======== The input ========
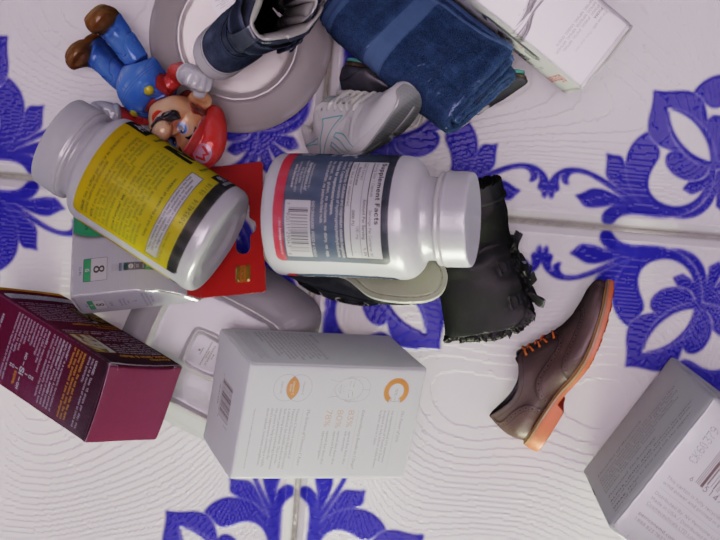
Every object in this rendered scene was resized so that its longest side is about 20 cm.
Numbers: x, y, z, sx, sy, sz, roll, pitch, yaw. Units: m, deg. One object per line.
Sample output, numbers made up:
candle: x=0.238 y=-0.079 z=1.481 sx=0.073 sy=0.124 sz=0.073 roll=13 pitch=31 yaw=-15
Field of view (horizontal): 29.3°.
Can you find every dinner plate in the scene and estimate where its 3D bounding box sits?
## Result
dinner plate: x=-0.128 y=-0.248 z=1.462 sx=0.197 sy=0.024 sz=0.204 roll=0 pitch=96 yaw=2

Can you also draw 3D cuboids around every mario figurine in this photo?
mario figurine: x=-0.222 y=-0.179 z=1.422 sx=0.200 sy=0.124 sz=0.106 roll=43 pitch=70 yaw=5

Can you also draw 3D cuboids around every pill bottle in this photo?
pill bottle: x=0.013 y=-0.052 z=1.335 sx=0.197 sy=0.119 sz=0.122 roll=3 pitch=98 yaw=15
pill bottle: x=-0.220 y=-0.078 z=1.371 sx=0.198 sy=0.114 sz=0.115 roll=32 pitch=98 yaw=7

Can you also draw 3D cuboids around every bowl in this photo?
bowl: x=-0.161 y=0.084 z=1.480 sx=0.198 sy=0.075 sz=0.202 roll=28 pitch=99 yaw=-1

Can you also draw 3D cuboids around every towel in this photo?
towel: x=0.056 y=-0.234 z=1.396 sx=0.112 sy=0.049 sz=0.200 roll=-43 pitch=68 yaw=-9

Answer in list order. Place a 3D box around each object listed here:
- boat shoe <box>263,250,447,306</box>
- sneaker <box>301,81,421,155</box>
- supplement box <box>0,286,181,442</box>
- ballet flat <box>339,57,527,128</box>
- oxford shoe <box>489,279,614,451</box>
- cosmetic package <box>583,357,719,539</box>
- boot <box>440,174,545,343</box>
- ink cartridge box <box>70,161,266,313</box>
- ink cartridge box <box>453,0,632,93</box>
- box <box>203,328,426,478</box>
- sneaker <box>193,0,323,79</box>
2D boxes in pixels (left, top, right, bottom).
boat shoe: x=-0.001 y=0.002 z=1.419 sx=0.196 sy=0.066 sz=0.076 roll=6 pitch=69 yaw=16
sneaker: x=-0.009 y=-0.149 z=1.397 sx=0.070 sy=0.200 sz=0.081 roll=-29 pitch=87 yaw=-33
supplement box: x=-0.298 y=0.096 z=1.424 sx=0.198 sy=0.110 sz=0.087 roll=26 pitch=100 yaw=33
ballet flat: x=0.074 y=-0.181 z=1.440 sx=0.197 sy=0.073 sz=0.074 roll=5 pitch=97 yaw=8
oxford shoe: x=0.206 y=0.091 z=1.469 sx=0.072 sy=0.071 sz=0.202 roll=28 pitch=98 yaw=4
cosmetic package: x=0.350 y=0.218 z=1.412 sx=0.164 sy=0.200 sz=0.166 roll=37 pitch=97 yaw=-3
boot: x=0.088 y=-0.001 z=1.464 sx=0.195 sy=0.073 sz=0.165 roll=-14 pitch=105 yaw=10
ink cartridge box: x=-0.201 y=-0.046 z=1.438 sx=0.197 sy=0.050 sz=0.163 roll=-7 pitch=63 yaw=7
ink cartridge box: x=0.164 y=-0.271 z=1.385 sx=0.199 sy=0.146 sz=0.085 roll=37 pitch=96 yaw=-2
box: x=-0.048 y=0.138 z=1.423 sx=0.197 sy=0.097 sz=0.126 roll=4 pitch=107 yaw=-26
sneaker: x=-0.066 y=-0.278 z=1.362 sx=0.077 sy=0.146 sz=0.203 roll=45 pitch=61 yaw=-14
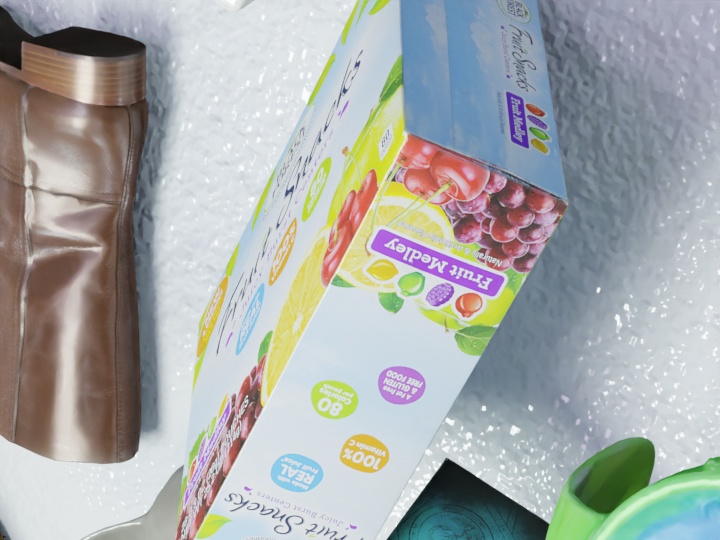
========
# Problem statement
Pick every line of the data that includes the string "object".

# Answer space
Every object in this rendered scene was resized so that its longest side is about 20 cm.
Numbers: x, y, z, sx, sy, sz, roll, pitch, yaw. Units: m, deg. One object per line.
Answer in list order. Place a 3D box around each object listed here:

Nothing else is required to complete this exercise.